Here's to parenting!
(Dedicated to those of you with more than 2 kids, BLESS YOUR HEARTS!!)
Your Clothes:
1st baby: You begin wearing maternity clothes as soon as your OBG/GYN confirms your pregnancy.
2nd baby: You wear your regular clothes for as long as possible.
3rd baby: Your maternity clothes ARE your regular clothes.
Preparing for the Birth:
1st baby: You practice your breathing religiously.
2nd baby: You don't bother practicing because you remember that last time, breathing didn't do a thing.
3rd baby: You ask for an epidural in your eighth month.
The Layette:
1st baby: You pre-wash newborn's clothes, color-coordinate them, and fold them neatly in the baby's little bureau.
2nd baby: You check to make sure that the clothes are clean & discard only the ones with the darkest stains.
3rd baby: Boys can wear pink, can't they?
Worries:
1st baby: At the first sign of distress--a whimper, a frown--you pick up the baby.

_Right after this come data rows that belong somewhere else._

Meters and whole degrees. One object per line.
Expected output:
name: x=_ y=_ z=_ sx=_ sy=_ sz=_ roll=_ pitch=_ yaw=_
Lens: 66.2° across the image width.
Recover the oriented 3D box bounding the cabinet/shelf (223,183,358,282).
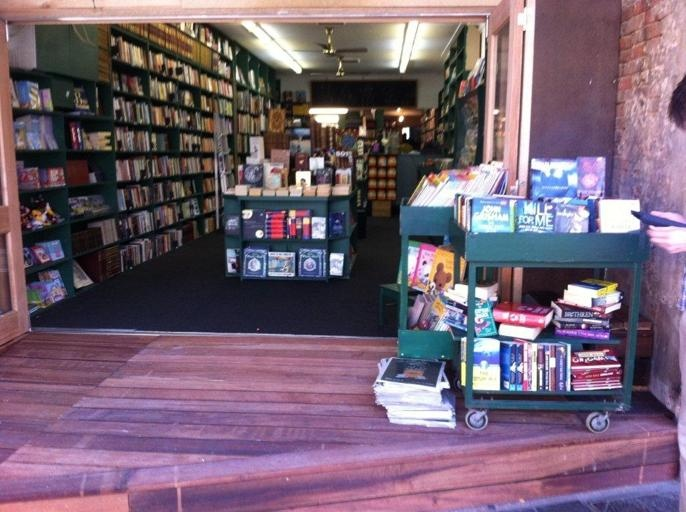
cabinet/shelf: x=-0.695 y=-0.155 z=6.655 sx=1.581 sy=1.076 sz=0.917 roll=0 pitch=-1 yaw=-2

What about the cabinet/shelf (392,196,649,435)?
cabinet/shelf: x=1.015 y=0.315 z=3.045 sx=1.381 sy=1.090 sz=0.806 roll=1 pitch=15 yaw=6

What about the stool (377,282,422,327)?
stool: x=0.468 y=0.419 z=4.771 sx=0.353 sy=0.351 sz=0.363 roll=6 pitch=18 yaw=20
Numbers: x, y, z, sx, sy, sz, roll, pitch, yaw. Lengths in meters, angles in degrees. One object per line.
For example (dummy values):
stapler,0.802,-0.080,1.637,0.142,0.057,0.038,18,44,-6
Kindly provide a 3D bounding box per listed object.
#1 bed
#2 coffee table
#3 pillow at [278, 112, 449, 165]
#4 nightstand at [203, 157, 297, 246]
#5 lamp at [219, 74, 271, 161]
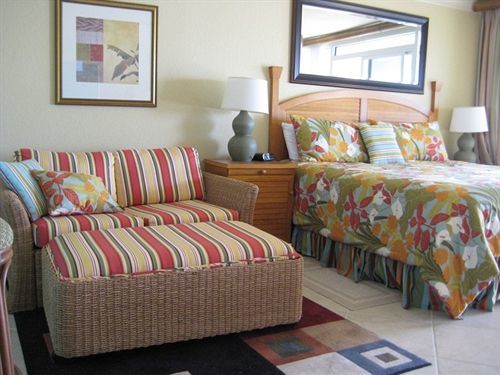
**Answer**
bed,1.063,-0.036,3.456,2.495,2.051,0.858,-4,8,-25
coffee table,-0.481,0.536,2.544,1.616,0.493,0.864,1,9,-35
pillow,1.240,-0.508,4.260,1.772,0.443,0.383,-3,14,-21
nightstand,0.092,0.076,3.937,0.850,1.024,0.757,-3,6,-27
lamp,-0.050,-0.621,3.700,0.423,0.764,0.257,1,14,-3

2nd baby: You pick the baby up when her wails threaten to wake your firstborn.
3rd baby: You teach your three-year-old how to rewind the mechanical swing.
Pacifier:
1st baby: If the pacifier falls on the floor, you put it away until you can go home and wash and boil it.

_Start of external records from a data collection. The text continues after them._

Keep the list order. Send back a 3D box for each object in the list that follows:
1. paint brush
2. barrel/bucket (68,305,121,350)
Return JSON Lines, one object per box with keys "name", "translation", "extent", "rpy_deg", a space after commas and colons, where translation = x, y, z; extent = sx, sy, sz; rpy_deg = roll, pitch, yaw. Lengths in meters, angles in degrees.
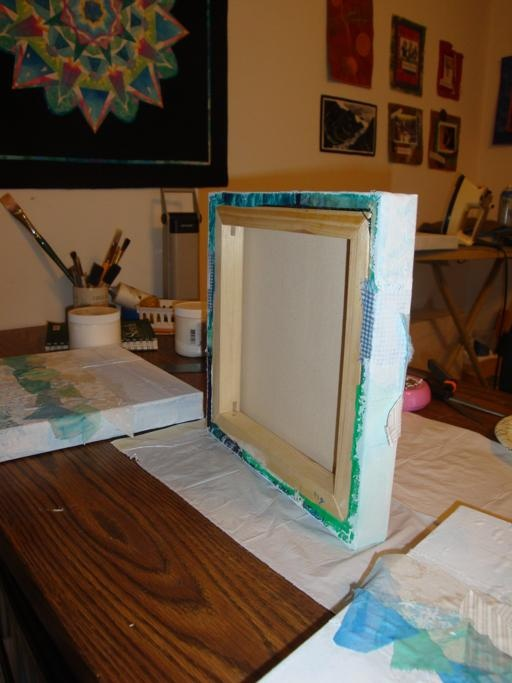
{"name": "paint brush", "translation": [-0.558, -0.289, 1.460], "extent": [0.145, 0.250, 0.169], "rpy_deg": [-39, 29, 16]}
{"name": "barrel/bucket", "translation": [-0.284, -0.027, 0.934], "extent": [0.080, 0.091, 0.080], "rpy_deg": [2, 14, 0]}
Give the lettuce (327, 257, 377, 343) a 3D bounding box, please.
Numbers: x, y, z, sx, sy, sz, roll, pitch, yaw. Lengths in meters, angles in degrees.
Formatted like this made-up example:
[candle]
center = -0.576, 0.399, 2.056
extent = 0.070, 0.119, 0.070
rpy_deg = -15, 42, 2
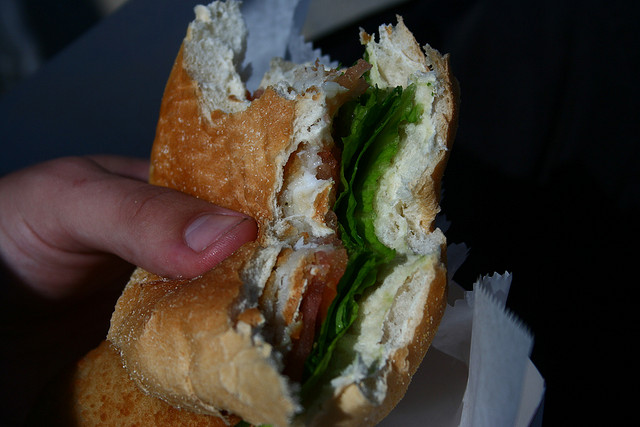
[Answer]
[lettuce]
center = 0.144, 0.458, 3.289
extent = 0.132, 0.053, 0.567
rpy_deg = 14, 74, 43
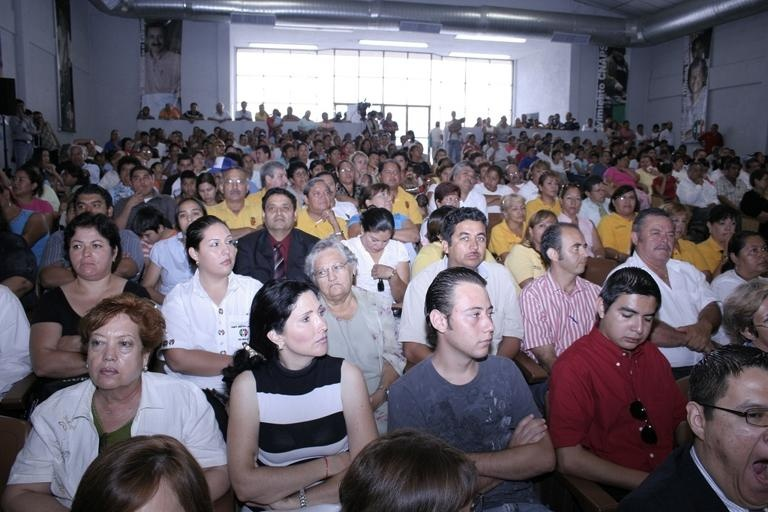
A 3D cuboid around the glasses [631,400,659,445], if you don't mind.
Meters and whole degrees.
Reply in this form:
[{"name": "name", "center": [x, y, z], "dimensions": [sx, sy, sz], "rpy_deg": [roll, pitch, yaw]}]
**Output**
[{"name": "glasses", "center": [1.666, 1.068, 3.445], "dimensions": [0.174, 0.273, 0.083], "rpy_deg": [1, 9, 2]}]
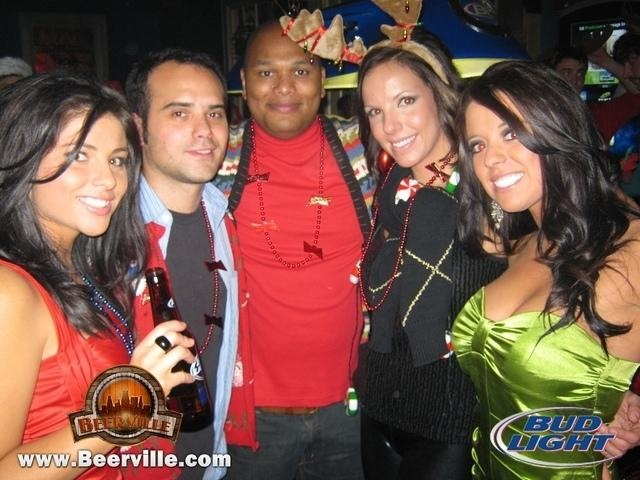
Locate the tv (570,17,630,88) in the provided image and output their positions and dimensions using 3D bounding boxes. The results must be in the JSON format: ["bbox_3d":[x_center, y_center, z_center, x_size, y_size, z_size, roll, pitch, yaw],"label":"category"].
[{"bbox_3d":[2.693,-1.799,5.187,0.594,0.636,0.023,-7,9,-8],"label":"tv"}]

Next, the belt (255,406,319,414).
[{"bbox_3d":[-0.179,0.932,2.942,0.326,0.048,0.022,0,16,0],"label":"belt"}]

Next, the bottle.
[{"bbox_3d":[-0.602,0.515,2.335,0.239,0.878,0.210,-8,18,-26],"label":"bottle"}]

2nd baby: When the pacifier falls on the floor, you squirt it off with some juice from the baby's bottle.
3rd baby: You wipe it off on your shirt and pop it back in.
Diapering:
1st baby: You change your baby's diapers every hour, whether they need it or not.
2nd baby: You change their diaper every two to three hours, if needed.

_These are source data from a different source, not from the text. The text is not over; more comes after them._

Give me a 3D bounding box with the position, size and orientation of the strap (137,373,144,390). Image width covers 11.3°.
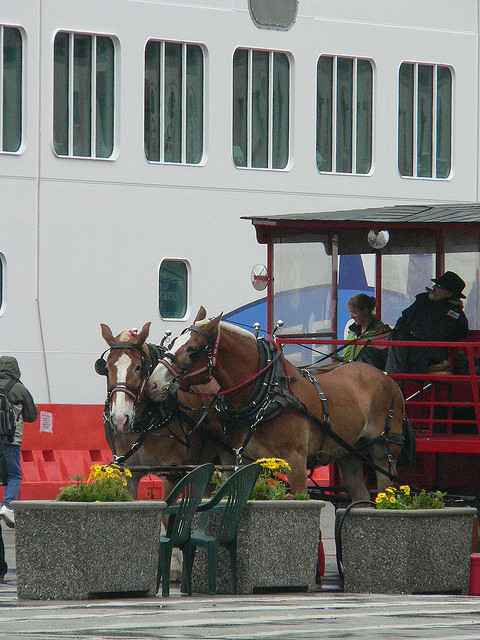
[{"bbox_3d":[-0.948,0.572,22.743,0.021,0.119,0.111,10,43,11],"label":"strap"}]

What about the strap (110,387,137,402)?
[{"bbox_3d":[-1.088,0.698,22.617,0.244,0.130,0.105,-2,0,-3],"label":"strap"}]

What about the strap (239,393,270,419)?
[{"bbox_3d":[0.145,0.831,22.792,0.046,0.202,0.186,44,-34,-11],"label":"strap"}]

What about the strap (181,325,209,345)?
[{"bbox_3d":[-0.397,0.140,22.861,0.186,0.173,0.099,-2,0,-1],"label":"strap"}]

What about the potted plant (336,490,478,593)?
[{"bbox_3d":[1.510,1.942,22.229,0.754,0.936,1.093,1,-8,-4],"label":"potted plant"}]

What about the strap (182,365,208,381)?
[{"bbox_3d":[-0.445,0.492,22.815,0.220,0.045,0.034,-30,52,-29],"label":"strap"}]

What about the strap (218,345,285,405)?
[{"bbox_3d":[0.077,0.542,23.009,0.137,0.074,0.747,39,59,22],"label":"strap"}]

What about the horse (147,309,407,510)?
[{"bbox_3d":[0.575,1.219,23.530,2.821,2.577,0.831,1,-1,-24],"label":"horse"}]

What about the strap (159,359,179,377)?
[{"bbox_3d":[-0.673,0.450,22.730,0.162,0.144,0.048,-2,0,23],"label":"strap"}]

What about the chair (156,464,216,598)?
[{"bbox_3d":[-0.616,1.894,21.719,0.670,1.217,0.609,6,0,41],"label":"chair"}]

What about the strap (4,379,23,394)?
[{"bbox_3d":[-2.297,0.657,24.374,0.069,0.133,0.116,6,-5,24],"label":"strap"}]

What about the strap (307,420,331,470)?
[{"bbox_3d":[0.746,1.204,23.393,0.164,0.466,0.486,-1,0,-17],"label":"strap"}]

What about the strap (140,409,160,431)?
[{"bbox_3d":[-0.869,0.942,22.983,0.030,0.219,0.031,38,2,38],"label":"strap"}]

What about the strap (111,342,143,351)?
[{"bbox_3d":[-1.076,0.246,22.862,0.281,0.073,0.131,-2,0,-6],"label":"strap"}]

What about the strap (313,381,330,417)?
[{"bbox_3d":[0.778,0.758,23.273,0.104,0.334,0.189,-1,0,-34],"label":"strap"}]

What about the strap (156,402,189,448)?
[{"bbox_3d":[-0.671,1.057,23.171,0.112,0.427,0.232,-40,19,-10],"label":"strap"}]

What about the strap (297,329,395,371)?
[{"bbox_3d":[1.064,0.315,24.902,0.119,0.082,0.798,33,40,28],"label":"strap"}]

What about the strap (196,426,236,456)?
[{"bbox_3d":[-0.244,1.156,23.289,0.349,0.053,0.059,45,26,1],"label":"strap"}]

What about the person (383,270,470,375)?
[{"bbox_3d":[1.935,0.061,25.087,0.609,1.219,0.538,32,-13,-29],"label":"person"}]

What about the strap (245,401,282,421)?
[{"bbox_3d":[0.209,0.873,22.801,0.374,0.156,0.028,-30,14,-29],"label":"strap"}]

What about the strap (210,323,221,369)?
[{"bbox_3d":[-0.234,0.256,22.999,0.063,0.341,0.143,12,-12,-40],"label":"strap"}]

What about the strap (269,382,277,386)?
[{"bbox_3d":[0.296,0.606,22.944,0.062,0.029,0.024,-2,0,-12],"label":"strap"}]

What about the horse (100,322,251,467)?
[{"bbox_3d":[-0.807,1.148,23.832,0.638,2.147,2.580,0,-3,13],"label":"horse"}]
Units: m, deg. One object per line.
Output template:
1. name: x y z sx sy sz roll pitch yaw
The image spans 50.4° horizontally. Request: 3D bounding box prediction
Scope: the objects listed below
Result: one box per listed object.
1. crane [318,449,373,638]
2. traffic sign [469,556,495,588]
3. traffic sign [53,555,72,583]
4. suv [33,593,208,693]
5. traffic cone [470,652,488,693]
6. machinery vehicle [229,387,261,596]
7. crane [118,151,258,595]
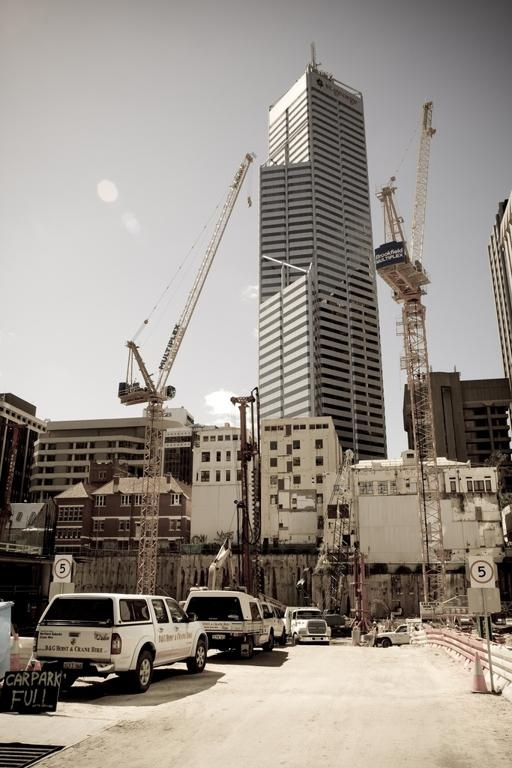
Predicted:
1. crane: 8.724 15.347 59.480 6.151 20.227 34.607 -3 -15 10
2. traffic sign: 5.001 4.134 12.035 0.516 0.634 0.718 -6 -16 20
3. traffic sign: -5.356 5.122 15.092 0.453 0.749 0.894 5 -16 -21
4. suv: -2.490 5.484 11.674 1.964 1.881 4.485 -7 -22 15
5. traffic cone: 4.546 5.869 11.063 0.318 0.668 1.299 -5 -16 20
6. machinery vehicle: -1.121 9.672 61.338 2.378 19.636 3.238 24 -50 -26
7. crane: -11.338 1.523 75.779 13.416 51.836 5.779 -4 -13 9
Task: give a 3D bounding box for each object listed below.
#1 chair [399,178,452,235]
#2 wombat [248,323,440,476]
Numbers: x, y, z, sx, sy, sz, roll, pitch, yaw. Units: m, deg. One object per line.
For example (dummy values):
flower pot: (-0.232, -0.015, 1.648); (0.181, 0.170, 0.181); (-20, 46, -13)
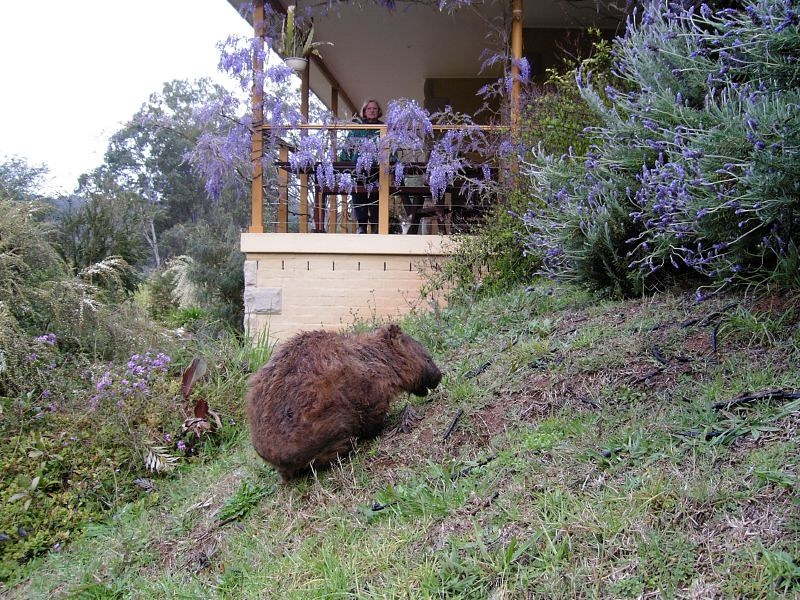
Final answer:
chair: (0.357, -1.427, 9.421); (0.841, 0.972, 0.931); (0, 8, 7)
wombat: (-0.362, 0.503, 4.079); (1.173, 0.736, 0.686); (-25, 24, -17)

3rd baby: You try to change their diaper before others start to complain about the smell or you see it sagging to their
knees.
Activities:
1st baby: You take your infant to Baby Gymnastics,Baby Swing, and Baby Story Hour.
2nd baby: You take your infant to Baby Gymnastics.
3rd baby: You take your infant to the supermarket and the dry cleaner.
Going Out:
1st baby: The first time you leave your baby with a sitter, you call home five times.
2nd baby: Just before you walk out the door, you remember to leave a number where you can be reached.
3rd baby: You leave instructions for the sitter to call only if she sees blood.
At Home:
1st baby: You spend a good bit of every day just gazing at the baby.
2nd baby: You spend a bit of every day watching to be sure your older child isn't squeezing, poking, or hitting the baby.
3rd baby: You spend a little bit of every day hiding from the children.
Swallowing Coins (a favorite):
1st child: When first child swallows a coin, you rush the child to the hospital and demand x-rays.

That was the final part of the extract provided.